A new amendment to the revised edition of Trumpcare would actually pay people to eschew purchasing health insurance while healthy.
Seriously.
More moderate-to-liberal Republicans such as Rep. Fred Upton (R-MI) and Rep. Billy Long (R-MO) were reluctant to support an amendment by Rep. Tom MacArthur (R-NJ) that allowed states to opt-out of Obamacare’s requirements to provide “essential health benefits and ban on charging sick people higher premiums,” per Axios. Upton and Long only came on board with Trumpcare when a new amendment was introduced that provided an extra $8 billion to subsidize high-risk pools and cover the cost of those who had a lapse in coverage and would otherwise face “higher premiums in the high-risk pool and a 30 percent surcharge/penalty under” Trumpcare, according to Hot Air‘s Allahpundit.
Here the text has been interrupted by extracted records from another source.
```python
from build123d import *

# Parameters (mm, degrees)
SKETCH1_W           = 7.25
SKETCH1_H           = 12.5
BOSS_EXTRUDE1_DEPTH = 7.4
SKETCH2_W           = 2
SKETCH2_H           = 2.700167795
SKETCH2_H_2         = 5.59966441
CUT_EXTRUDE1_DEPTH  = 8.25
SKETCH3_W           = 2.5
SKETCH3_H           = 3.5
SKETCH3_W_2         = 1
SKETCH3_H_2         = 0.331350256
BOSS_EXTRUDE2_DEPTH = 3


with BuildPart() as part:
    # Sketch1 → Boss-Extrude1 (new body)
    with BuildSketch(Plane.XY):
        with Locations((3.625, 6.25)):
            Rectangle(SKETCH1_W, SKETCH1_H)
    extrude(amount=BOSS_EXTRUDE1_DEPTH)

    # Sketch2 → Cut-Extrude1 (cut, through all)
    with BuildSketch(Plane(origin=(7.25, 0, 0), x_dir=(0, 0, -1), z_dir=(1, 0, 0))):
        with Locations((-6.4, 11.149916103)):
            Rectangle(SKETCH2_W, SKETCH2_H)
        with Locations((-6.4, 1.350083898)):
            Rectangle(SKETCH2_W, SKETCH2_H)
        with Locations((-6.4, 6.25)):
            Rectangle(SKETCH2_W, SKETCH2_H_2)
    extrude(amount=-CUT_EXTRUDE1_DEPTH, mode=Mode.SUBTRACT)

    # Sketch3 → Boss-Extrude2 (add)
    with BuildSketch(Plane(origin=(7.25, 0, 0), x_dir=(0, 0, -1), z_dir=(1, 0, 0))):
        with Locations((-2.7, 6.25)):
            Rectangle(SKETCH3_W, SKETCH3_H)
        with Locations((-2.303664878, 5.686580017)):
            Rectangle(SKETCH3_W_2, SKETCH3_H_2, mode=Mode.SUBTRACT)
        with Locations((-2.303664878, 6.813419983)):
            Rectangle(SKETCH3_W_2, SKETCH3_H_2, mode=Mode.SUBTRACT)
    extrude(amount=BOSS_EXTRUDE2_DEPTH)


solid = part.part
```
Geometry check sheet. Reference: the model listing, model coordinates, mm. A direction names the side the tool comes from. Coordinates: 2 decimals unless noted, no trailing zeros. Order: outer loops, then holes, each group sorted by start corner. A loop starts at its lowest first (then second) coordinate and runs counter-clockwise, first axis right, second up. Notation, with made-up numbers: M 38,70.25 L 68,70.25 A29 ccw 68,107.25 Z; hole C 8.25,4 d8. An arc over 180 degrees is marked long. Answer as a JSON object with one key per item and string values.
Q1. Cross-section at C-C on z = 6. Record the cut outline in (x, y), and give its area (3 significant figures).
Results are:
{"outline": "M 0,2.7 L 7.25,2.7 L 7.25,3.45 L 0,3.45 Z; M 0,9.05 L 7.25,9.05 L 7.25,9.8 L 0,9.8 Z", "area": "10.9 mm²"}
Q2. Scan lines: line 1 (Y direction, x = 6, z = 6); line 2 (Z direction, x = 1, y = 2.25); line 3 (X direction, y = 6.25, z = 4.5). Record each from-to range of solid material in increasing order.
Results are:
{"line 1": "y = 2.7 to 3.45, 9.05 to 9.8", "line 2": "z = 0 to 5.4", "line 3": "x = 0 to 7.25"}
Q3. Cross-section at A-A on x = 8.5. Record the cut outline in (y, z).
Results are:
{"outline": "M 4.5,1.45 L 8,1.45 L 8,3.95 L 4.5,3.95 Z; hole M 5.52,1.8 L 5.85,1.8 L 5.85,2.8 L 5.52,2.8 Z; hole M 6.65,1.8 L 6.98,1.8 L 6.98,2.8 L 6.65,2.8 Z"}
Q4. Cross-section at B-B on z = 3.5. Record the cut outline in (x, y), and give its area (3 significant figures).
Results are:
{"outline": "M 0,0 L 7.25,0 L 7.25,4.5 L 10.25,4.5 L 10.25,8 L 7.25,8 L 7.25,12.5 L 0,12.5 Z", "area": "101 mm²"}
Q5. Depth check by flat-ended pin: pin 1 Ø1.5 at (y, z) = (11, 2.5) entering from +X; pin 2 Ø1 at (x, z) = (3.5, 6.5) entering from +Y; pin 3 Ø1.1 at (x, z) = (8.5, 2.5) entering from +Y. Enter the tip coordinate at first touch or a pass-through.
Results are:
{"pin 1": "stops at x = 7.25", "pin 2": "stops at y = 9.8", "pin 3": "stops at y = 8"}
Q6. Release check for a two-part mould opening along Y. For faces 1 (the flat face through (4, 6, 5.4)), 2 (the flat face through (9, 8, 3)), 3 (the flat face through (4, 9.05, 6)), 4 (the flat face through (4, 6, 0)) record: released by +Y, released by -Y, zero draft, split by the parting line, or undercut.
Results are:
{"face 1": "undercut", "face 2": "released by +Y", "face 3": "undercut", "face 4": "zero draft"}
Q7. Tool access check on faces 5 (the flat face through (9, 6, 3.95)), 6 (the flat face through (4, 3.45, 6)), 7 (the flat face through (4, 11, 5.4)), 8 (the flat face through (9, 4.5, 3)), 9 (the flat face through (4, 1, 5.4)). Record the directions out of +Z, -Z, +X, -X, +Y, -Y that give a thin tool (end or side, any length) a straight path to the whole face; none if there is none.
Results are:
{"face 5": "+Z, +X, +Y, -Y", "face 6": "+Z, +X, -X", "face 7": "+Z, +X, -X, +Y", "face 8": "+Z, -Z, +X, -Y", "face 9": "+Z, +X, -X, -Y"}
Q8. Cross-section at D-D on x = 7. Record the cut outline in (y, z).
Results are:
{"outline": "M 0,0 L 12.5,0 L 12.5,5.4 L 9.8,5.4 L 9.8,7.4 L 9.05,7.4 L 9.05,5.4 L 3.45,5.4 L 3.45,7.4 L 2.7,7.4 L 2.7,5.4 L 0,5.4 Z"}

In other words, the amendment subsidizes people not to buy insurance.
As Allahpundit points out, that would only exacerbate the soaring costs of health care, as the amendment would encourage people to wait until they’re sick to buy health insurance, creating a pool of unhealthier enrollees without enough healthy enrollees to pay for them, thereby resulting in higher costs.
That’s what has been causing the Obamacare death spiral to begin with; yet the Republicans found a way to make the system worse. Again.
The reason why Allahpundit thinks Upton supported the amendment is pure politics: (emphasis bolded)
For years, Upton crusaded on behalf of exactly the sort of measures the new AHCA would permit to the states — getting rid of ObamaCare’s regulations on Essential Health Benefits and community rating. If you want to cut costs for the general population, Upton insisted, you need to stop forcing expensive one-size-fits-all plans on consumers. As of yesterday he had a chance to support a plan that does exactly that but was voting no, presumably because he knows that the public dislikes the idea of letting states waive ObamaCare’s regs is unpopular with the public. That is, he was happy to call for repeal when he knew Obama would be there to veto the GOP’s bill; now that it has a chance of becoming law, he has cold feet. Viewed through that prism, the $8 billion Upton amendment looks like little more than a fig leaf he can point to back in his district when voters inevitably start complaining about the bill. “I made the bill better,” Upton can say in defending his new yes vote. “I got an extra eight billion for sick people!” In reality, his amendment may end up doing more to destabilize the market for people with preexisting conditions than to shore it up. But it looks good politically, and that’s what matters.
The Trump administration and Speaker of the House Paul Ryan are reportedly supportive of the amendment, since apparently they just want to claim victory on repealing Obamacare rather than actually repealing it. It’s still unclear if the bill would pass the House with a scheduled vote for Thursday.
What is truly disheartening about Trump and the Republicans’ reluctance to simply go full repeal on Obamacare is that they have given the disastrous health law newfound popularity by embracing large portions of it. This new amendment encapsulates that, as they’re accepting the Left’s premise that repealing Obamacare would harm those with pre-existing conditions even though the facts state otherwise.
Meanwhile, Obamacare continues to crumble.